■ WHAT TO DO
From top to bottom, retype the data exactly, passing over any picture.

■ DATA SHOWN
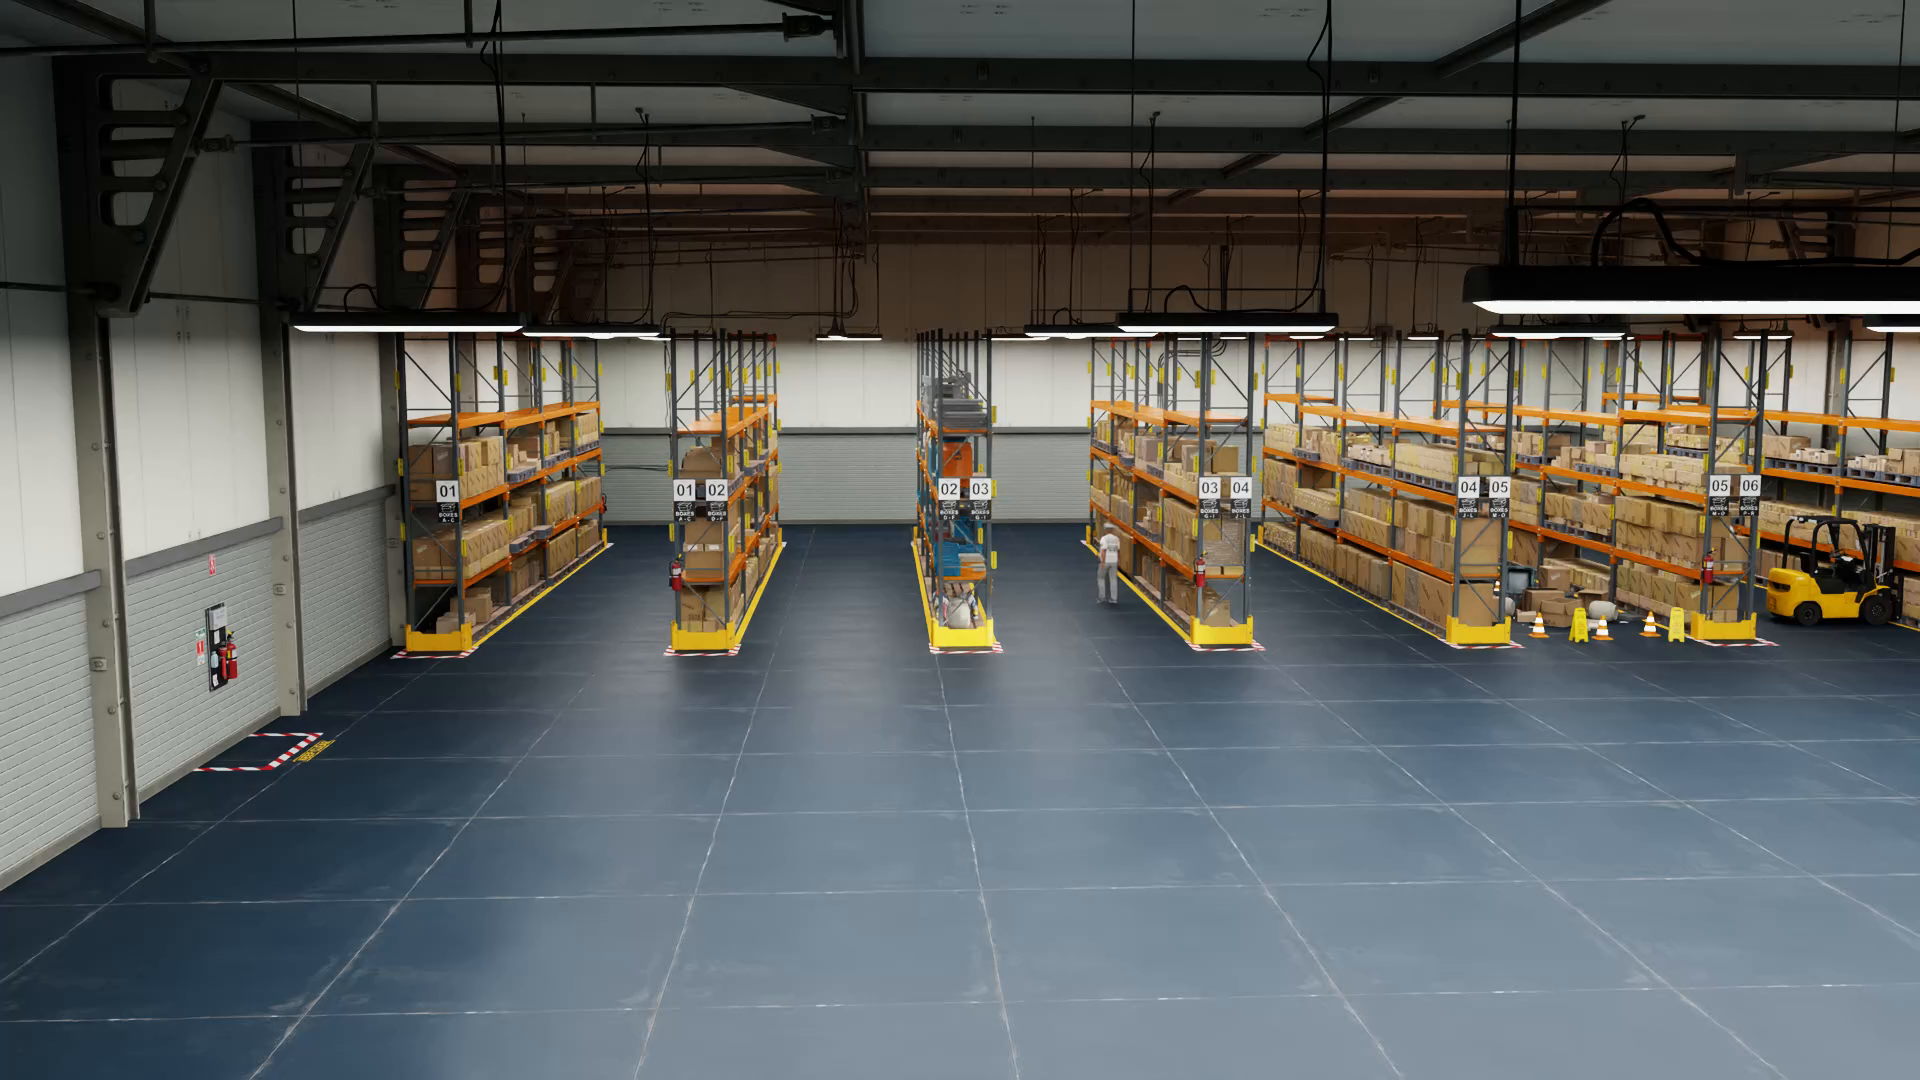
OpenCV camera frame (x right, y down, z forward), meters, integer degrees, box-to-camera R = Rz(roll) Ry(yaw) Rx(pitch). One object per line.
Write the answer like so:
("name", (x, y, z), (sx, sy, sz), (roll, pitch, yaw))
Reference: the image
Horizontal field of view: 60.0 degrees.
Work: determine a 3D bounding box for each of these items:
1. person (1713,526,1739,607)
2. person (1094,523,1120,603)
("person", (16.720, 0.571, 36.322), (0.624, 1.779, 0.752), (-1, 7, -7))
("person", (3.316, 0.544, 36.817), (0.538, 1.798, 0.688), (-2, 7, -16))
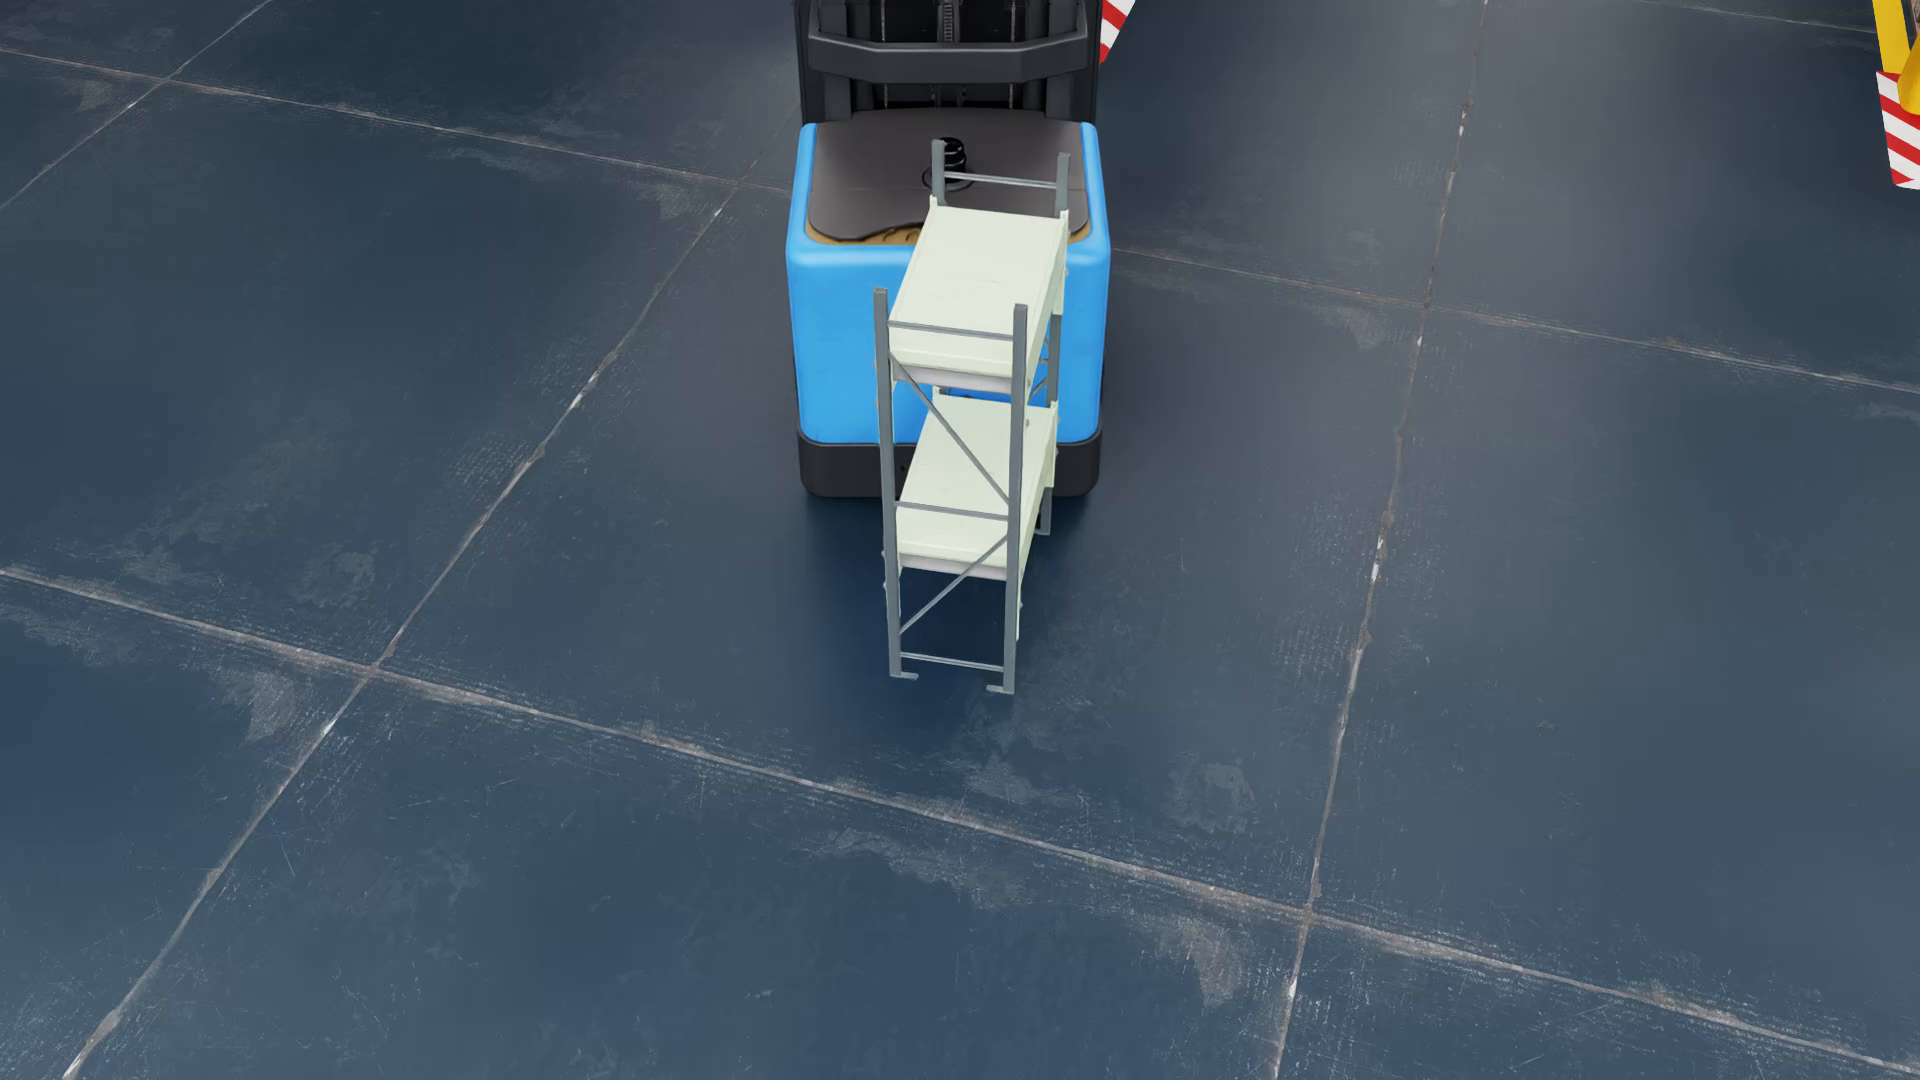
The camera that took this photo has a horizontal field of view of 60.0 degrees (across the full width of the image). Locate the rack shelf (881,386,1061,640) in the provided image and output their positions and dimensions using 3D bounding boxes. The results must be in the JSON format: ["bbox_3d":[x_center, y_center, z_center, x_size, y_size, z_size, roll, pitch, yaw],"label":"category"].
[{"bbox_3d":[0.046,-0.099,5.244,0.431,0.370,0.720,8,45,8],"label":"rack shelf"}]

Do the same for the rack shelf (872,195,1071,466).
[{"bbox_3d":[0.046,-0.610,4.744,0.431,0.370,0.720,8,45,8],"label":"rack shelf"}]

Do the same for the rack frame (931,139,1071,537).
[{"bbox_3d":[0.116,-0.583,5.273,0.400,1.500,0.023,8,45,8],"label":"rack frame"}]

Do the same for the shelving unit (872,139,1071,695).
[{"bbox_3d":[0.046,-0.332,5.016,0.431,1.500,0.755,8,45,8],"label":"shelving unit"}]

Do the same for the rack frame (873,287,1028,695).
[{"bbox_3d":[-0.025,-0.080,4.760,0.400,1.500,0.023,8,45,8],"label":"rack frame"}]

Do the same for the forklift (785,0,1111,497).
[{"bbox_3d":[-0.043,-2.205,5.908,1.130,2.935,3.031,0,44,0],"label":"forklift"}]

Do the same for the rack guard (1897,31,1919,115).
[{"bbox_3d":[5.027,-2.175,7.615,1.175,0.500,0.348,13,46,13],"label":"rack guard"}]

■ WRITTEN SOLUTION
OpenCV camera frame (x right, y down, z forward), meters, integer degrees, box-to-camera R = Rz(roll) Ry(yaw) Rx(pitch). One object per line.
Write the answer like so:
("name", (x, y, z), (sx, sy, sz), (roll, pitch, yaw))
Reference: the image
Horizontal field of view: 60.0 degrees.
Work: determine a 3D bounding box for each of these items:
1. person (1713,526,1739,607)
2. person (1094,523,1120,603)
("person", (16.720, 0.571, 36.322), (0.624, 1.779, 0.752), (-1, 7, -7))
("person", (3.316, 0.544, 36.817), (0.538, 1.798, 0.688), (-2, 7, -16))
The camera that took this photo has a horizontal field of view of 60.0 degrees (across the full width of the image). Locate the rack shelf (881,386,1061,640) in the provided image and output their positions and dimensions using 3D bounding boxes. The results must be in the JSON format: ["bbox_3d":[x_center, y_center, z_center, x_size, y_size, z_size, roll, pitch, yaw],"label":"category"].
[{"bbox_3d":[0.046,-0.099,5.244,0.431,0.370,0.720,8,45,8],"label":"rack shelf"}]

Do the same for the rack shelf (872,195,1071,466).
[{"bbox_3d":[0.046,-0.610,4.744,0.431,0.370,0.720,8,45,8],"label":"rack shelf"}]

Do the same for the rack frame (931,139,1071,537).
[{"bbox_3d":[0.116,-0.583,5.273,0.400,1.500,0.023,8,45,8],"label":"rack frame"}]

Do the same for the shelving unit (872,139,1071,695).
[{"bbox_3d":[0.046,-0.332,5.016,0.431,1.500,0.755,8,45,8],"label":"shelving unit"}]

Do the same for the rack frame (873,287,1028,695).
[{"bbox_3d":[-0.025,-0.080,4.760,0.400,1.500,0.023,8,45,8],"label":"rack frame"}]

Do the same for the forklift (785,0,1111,497).
[{"bbox_3d":[-0.043,-2.205,5.908,1.130,2.935,3.031,0,44,0],"label":"forklift"}]

Do the same for the rack guard (1897,31,1919,115).
[{"bbox_3d":[5.027,-2.175,7.615,1.175,0.500,0.348,13,46,13],"label":"rack guard"}]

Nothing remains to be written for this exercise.